For both temperature and precipitation data, Figure 6, the difference plots for generated versus HO2 and HO1 versus HO2 are similar. DiffESM matches HO1's performance globally (when averaging values over all grid points) and captures many of the same spatial patterns in terms of the sign and magnitude of the differences over both land and oceans. Additionally, metrics that incorporate temporal structure such as rainy streaks or hot streaks demonstrate a high level of both spatial and temporal agreement between DiffESM and the conditioning data set.

For a more fine-grained evaluation of DiffESM's performance on each metric, Figure 7 presents histograms of the results over time for the grid-points closest to Novosibirsk, Hawaii, and Melbourne. These histograms show that, when looking at metrics from specific locations over 2080–2100, our generated results are consistent with both HO1, used for conditioning, and HO2, the independent ensemble member.

Details are in the caption following the image

Histogram of metric performance at Melbourne, Hawaii, and Novosibirsk for the years 2080–2100. For metrics where “days” are the unit, bins were chosen to be a width of 1 day. For all other metrics, 20 bins were chosen for visual clarity.

5.1.3 Variability

Some generative methods are known to suffer from “mode collapse” (Lala et al., 2018), a tendency to generate only a small subset of the data distribution, resulting in samples with little internal variability. We have observed this issue in in the past in the context of ESM emulation with GANs. To ensure that DiffESM does not exhibit the same limitation, we assess the variability of the samples it produces.

Figure 8 presents the results of this assessment. For this analysis, we evaluate on the RCP8.5 scenario for our IPSL trained model, over the years 2050–2100. For each location, we compute the target metric on both the daily values of the HO1 data set and 30 generated ensemble members. We then calculate the rank of the HO1 metric result within the 30-member generated ensemble for each location and month, yielding 612 fractional ranks (51 years × ${\times} $ 12 months). These fractional ranks are plotted as histograms, which are designed to visually evaluate the“spread” of our generated ensemble. A “U”-shaped histograms indicates an overly tight cluster, a dome-shaped histogram suggests too wide a spread, and a skewed histogram indicates bias, either under- or over-predicting. A flat histogram is the indication of a sample whose distribution is the same as that of the quantity it is designed to emulate.

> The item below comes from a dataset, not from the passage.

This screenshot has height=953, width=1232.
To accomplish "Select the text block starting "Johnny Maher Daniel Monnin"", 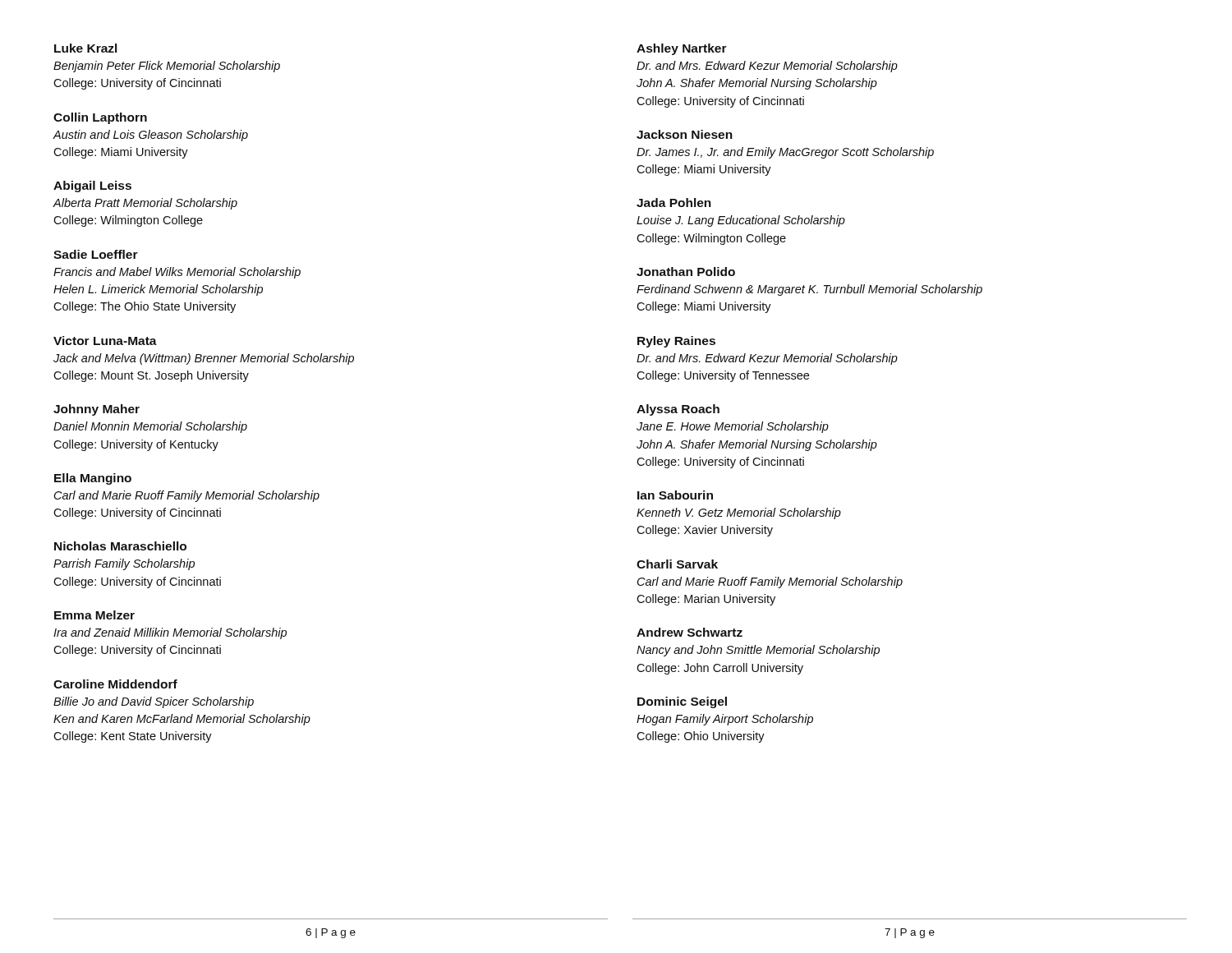I will [97, 410].

Details are in the caption following the image

Location Specific Rank Histograms 2050–2100. Twenty bins were chosen for visual clarity and consistency of the results.

The only performance that shows room for improvement is related to DiffESM consistently under-predicting the temperature of hot days in Hawaii, as the histogram with the peak to its right edge suggests (the truth has the highest rank in a majority of cases). Further investigation reveals that the average bias between the generated ensemble mean and the HO1 metric (for 90th percentile temperature in Hawaii) is −0.044, while the average mean squared error is 0.002. Despite the generated metric being extremely close to the HO1 metric, the consistent bias and small standard deviation of 0.031 for the generated ensemble lead to a rank histogram that displays consistent under-prediction. However, for other metric-location pairs, the histograms display relatively uniform behavior, indicating that the HO1 result falls evenly within the generated ensemble. This demonstrates that in the great majority of cases, the generated ensemble produces sufficient variability to capture the realm of possibilities for the true value, and does not “overdo it,” so that the truth has similar chances to fall anywhere within the sample. The uniform histograms also suggest that DiffESM does not suffer from the mode collapse issue observed in GANs, as it generates samples with adequate internal variability. A sample suffering from mode collapse would show a U shape or a skewed shape.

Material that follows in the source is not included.